-- Data for this task follows --

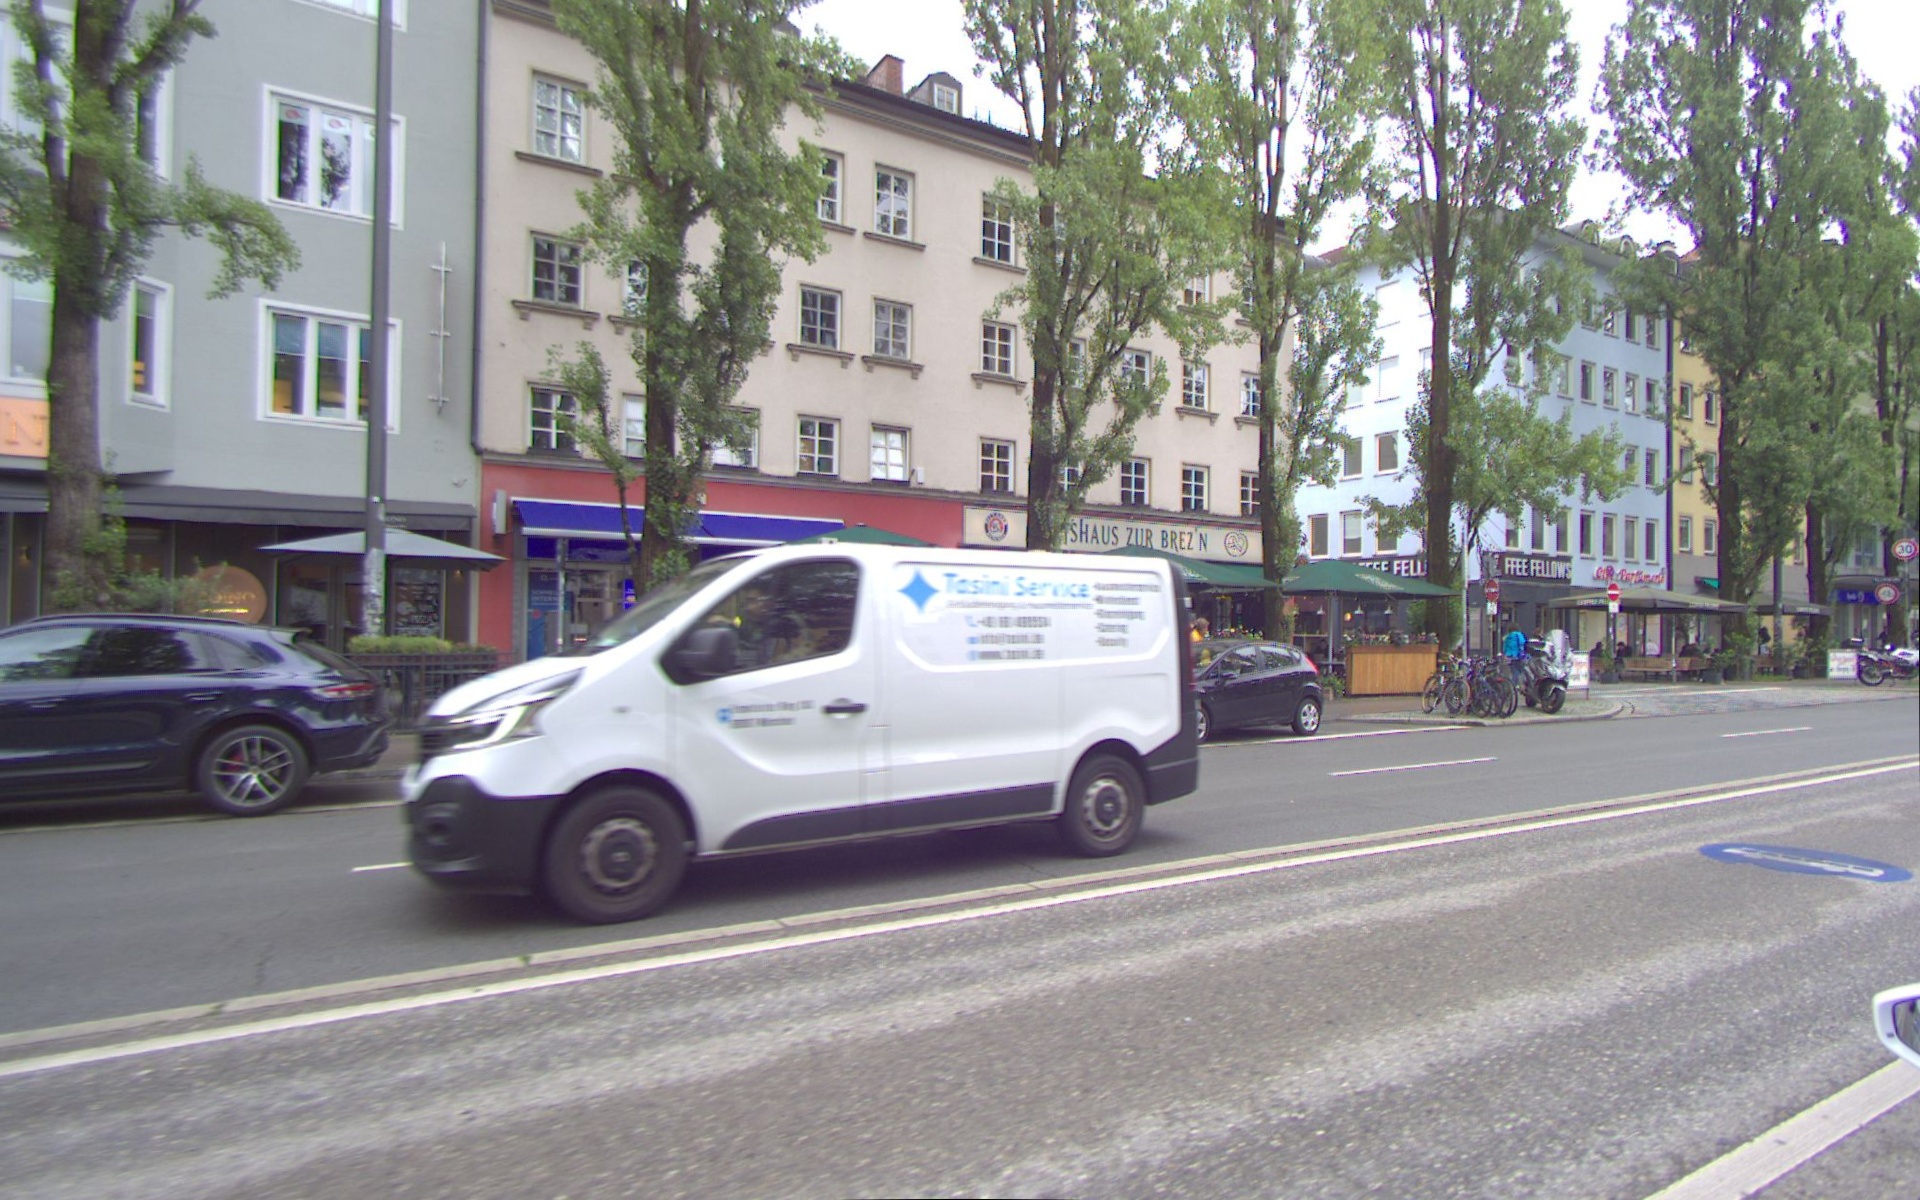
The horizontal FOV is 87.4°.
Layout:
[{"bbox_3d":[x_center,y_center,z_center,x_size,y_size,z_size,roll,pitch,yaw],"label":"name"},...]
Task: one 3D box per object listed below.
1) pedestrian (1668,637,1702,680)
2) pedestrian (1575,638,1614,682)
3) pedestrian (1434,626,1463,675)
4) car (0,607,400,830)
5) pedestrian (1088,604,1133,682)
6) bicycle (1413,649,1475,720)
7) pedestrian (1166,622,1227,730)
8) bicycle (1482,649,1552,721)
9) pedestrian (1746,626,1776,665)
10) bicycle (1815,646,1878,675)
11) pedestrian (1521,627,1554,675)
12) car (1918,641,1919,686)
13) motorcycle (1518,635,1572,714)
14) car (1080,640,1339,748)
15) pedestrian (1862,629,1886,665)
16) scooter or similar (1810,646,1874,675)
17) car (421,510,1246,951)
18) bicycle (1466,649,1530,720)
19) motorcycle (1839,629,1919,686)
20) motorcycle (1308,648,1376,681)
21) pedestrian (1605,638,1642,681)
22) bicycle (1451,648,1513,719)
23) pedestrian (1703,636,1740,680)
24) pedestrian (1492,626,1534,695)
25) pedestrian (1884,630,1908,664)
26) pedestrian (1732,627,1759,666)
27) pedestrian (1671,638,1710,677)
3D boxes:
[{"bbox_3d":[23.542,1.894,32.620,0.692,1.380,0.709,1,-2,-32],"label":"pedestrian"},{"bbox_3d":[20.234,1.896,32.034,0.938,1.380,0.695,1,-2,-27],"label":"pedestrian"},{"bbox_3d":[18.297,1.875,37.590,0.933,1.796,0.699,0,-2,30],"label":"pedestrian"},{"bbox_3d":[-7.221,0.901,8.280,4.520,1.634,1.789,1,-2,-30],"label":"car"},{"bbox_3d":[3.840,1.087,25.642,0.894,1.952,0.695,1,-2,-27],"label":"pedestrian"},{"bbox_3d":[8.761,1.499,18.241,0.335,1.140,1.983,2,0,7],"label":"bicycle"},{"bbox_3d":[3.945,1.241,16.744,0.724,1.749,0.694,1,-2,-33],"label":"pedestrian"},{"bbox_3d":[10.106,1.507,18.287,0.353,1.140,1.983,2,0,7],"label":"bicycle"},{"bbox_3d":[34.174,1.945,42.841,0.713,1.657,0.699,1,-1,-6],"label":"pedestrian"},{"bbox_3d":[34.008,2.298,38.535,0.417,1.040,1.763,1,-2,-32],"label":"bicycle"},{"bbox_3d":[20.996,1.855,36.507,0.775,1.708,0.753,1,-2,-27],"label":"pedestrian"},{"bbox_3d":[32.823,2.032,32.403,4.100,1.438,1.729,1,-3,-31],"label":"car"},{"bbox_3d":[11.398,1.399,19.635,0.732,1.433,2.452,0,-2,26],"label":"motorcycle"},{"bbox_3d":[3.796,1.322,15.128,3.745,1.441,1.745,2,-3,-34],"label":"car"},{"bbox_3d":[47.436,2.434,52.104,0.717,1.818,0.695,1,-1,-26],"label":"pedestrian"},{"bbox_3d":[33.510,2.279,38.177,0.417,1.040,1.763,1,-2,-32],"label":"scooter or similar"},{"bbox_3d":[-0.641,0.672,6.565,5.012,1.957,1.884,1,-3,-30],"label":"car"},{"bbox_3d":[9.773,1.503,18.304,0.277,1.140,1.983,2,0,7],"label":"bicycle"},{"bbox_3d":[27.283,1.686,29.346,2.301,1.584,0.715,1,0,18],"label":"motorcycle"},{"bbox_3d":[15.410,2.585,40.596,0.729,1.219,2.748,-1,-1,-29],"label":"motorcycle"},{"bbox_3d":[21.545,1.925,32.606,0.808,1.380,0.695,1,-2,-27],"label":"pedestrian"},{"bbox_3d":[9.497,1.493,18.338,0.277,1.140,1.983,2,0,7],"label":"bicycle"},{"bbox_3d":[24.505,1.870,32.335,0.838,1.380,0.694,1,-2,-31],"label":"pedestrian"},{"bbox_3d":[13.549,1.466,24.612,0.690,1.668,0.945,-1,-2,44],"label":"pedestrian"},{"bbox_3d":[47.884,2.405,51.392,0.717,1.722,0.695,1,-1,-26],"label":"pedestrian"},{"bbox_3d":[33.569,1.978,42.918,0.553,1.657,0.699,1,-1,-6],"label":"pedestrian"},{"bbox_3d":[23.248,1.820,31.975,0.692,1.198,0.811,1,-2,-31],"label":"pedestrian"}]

-- Data for this task concluded --

What is needed: Pictures are not part of the copy. Please reproduce the material word for word.

Written answer:
The horizontal FOV is 87.4°.
Layout:
[{"bbox_3d":[x_center,y_center,z_center,x_size,y_size,z_size,roll,pitch,yaw],"label":"name"},...]
Task: one 3D box per object listed below.
1) pedestrian (1668,637,1702,680)
2) pedestrian (1575,638,1614,682)
3) pedestrian (1434,626,1463,675)
4) car (0,607,400,830)
5) pedestrian (1088,604,1133,682)
6) bicycle (1413,649,1475,720)
7) pedestrian (1166,622,1227,730)
8) bicycle (1482,649,1552,721)
9) pedestrian (1746,626,1776,665)
10) bicycle (1815,646,1878,675)
11) pedestrian (1521,627,1554,675)
12) car (1918,641,1919,686)
13) motorcycle (1518,635,1572,714)
14) car (1080,640,1339,748)
15) pedestrian (1862,629,1886,665)
16) scooter or similar (1810,646,1874,675)
17) car (421,510,1246,951)
18) bicycle (1466,649,1530,720)
19) motorcycle (1839,629,1919,686)
20) motorcycle (1308,648,1376,681)
21) pedestrian (1605,638,1642,681)
22) bicycle (1451,648,1513,719)
23) pedestrian (1703,636,1740,680)
24) pedestrian (1492,626,1534,695)
25) pedestrian (1884,630,1908,664)
26) pedestrian (1732,627,1759,666)
27) pedestrian (1671,638,1710,677)
3D boxes:
[{"bbox_3d":[23.542,1.894,32.620,0.692,1.380,0.709,1,-2,-32],"label":"pedestrian"},{"bbox_3d":[20.234,1.896,32.034,0.938,1.380,0.695,1,-2,-27],"label":"pedestrian"},{"bbox_3d":[18.297,1.875,37.590,0.933,1.796,0.699,0,-2,30],"label":"pedestrian"},{"bbox_3d":[-7.221,0.901,8.280,4.520,1.634,1.789,1,-2,-30],"label":"car"},{"bbox_3d":[3.840,1.087,25.642,0.894,1.952,0.695,1,-2,-27],"label":"pedestrian"},{"bbox_3d":[8.761,1.499,18.241,0.335,1.140,1.983,2,0,7],"label":"bicycle"},{"bbox_3d":[3.945,1.241,16.744,0.724,1.749,0.694,1,-2,-33],"label":"pedestrian"},{"bbox_3d":[10.106,1.507,18.287,0.353,1.140,1.983,2,0,7],"label":"bicycle"},{"bbox_3d":[34.174,1.945,42.841,0.713,1.657,0.699,1,-1,-6],"label":"pedestrian"},{"bbox_3d":[34.008,2.298,38.535,0.417,1.040,1.763,1,-2,-32],"label":"bicycle"},{"bbox_3d":[20.996,1.855,36.507,0.775,1.708,0.753,1,-2,-27],"label":"pedestrian"},{"bbox_3d":[32.823,2.032,32.403,4.100,1.438,1.729,1,-3,-31],"label":"car"},{"bbox_3d":[11.398,1.399,19.635,0.732,1.433,2.452,0,-2,26],"label":"motorcycle"},{"bbox_3d":[3.796,1.322,15.128,3.745,1.441,1.745,2,-3,-34],"label":"car"},{"bbox_3d":[47.436,2.434,52.104,0.717,1.818,0.695,1,-1,-26],"label":"pedestrian"},{"bbox_3d":[33.510,2.279,38.177,0.417,1.040,1.763,1,-2,-32],"label":"scooter or similar"},{"bbox_3d":[-0.641,0.672,6.565,5.012,1.957,1.884,1,-3,-30],"label":"car"},{"bbox_3d":[9.773,1.503,18.304,0.277,1.140,1.983,2,0,7],"label":"bicycle"},{"bbox_3d":[27.283,1.686,29.346,2.301,1.584,0.715,1,0,18],"label":"motorcycle"},{"bbox_3d":[15.410,2.585,40.596,0.729,1.219,2.748,-1,-1,-29],"label":"motorcycle"},{"bbox_3d":[21.545,1.925,32.606,0.808,1.380,0.695,1,-2,-27],"label":"pedestrian"},{"bbox_3d":[9.497,1.493,18.338,0.277,1.140,1.983,2,0,7],"label":"bicycle"},{"bbox_3d":[24.505,1.870,32.335,0.838,1.380,0.694,1,-2,-31],"label":"pedestrian"},{"bbox_3d":[13.549,1.466,24.612,0.690,1.668,0.945,-1,-2,44],"label":"pedestrian"},{"bbox_3d":[47.884,2.405,51.392,0.717,1.722,0.695,1,-1,-26],"label":"pedestrian"},{"bbox_3d":[33.569,1.978,42.918,0.553,1.657,0.699,1,-1,-6],"label":"pedestrian"},{"bbox_3d":[23.248,1.820,31.975,0.692,1.198,0.811,1,-2,-31],"label":"pedestrian"}]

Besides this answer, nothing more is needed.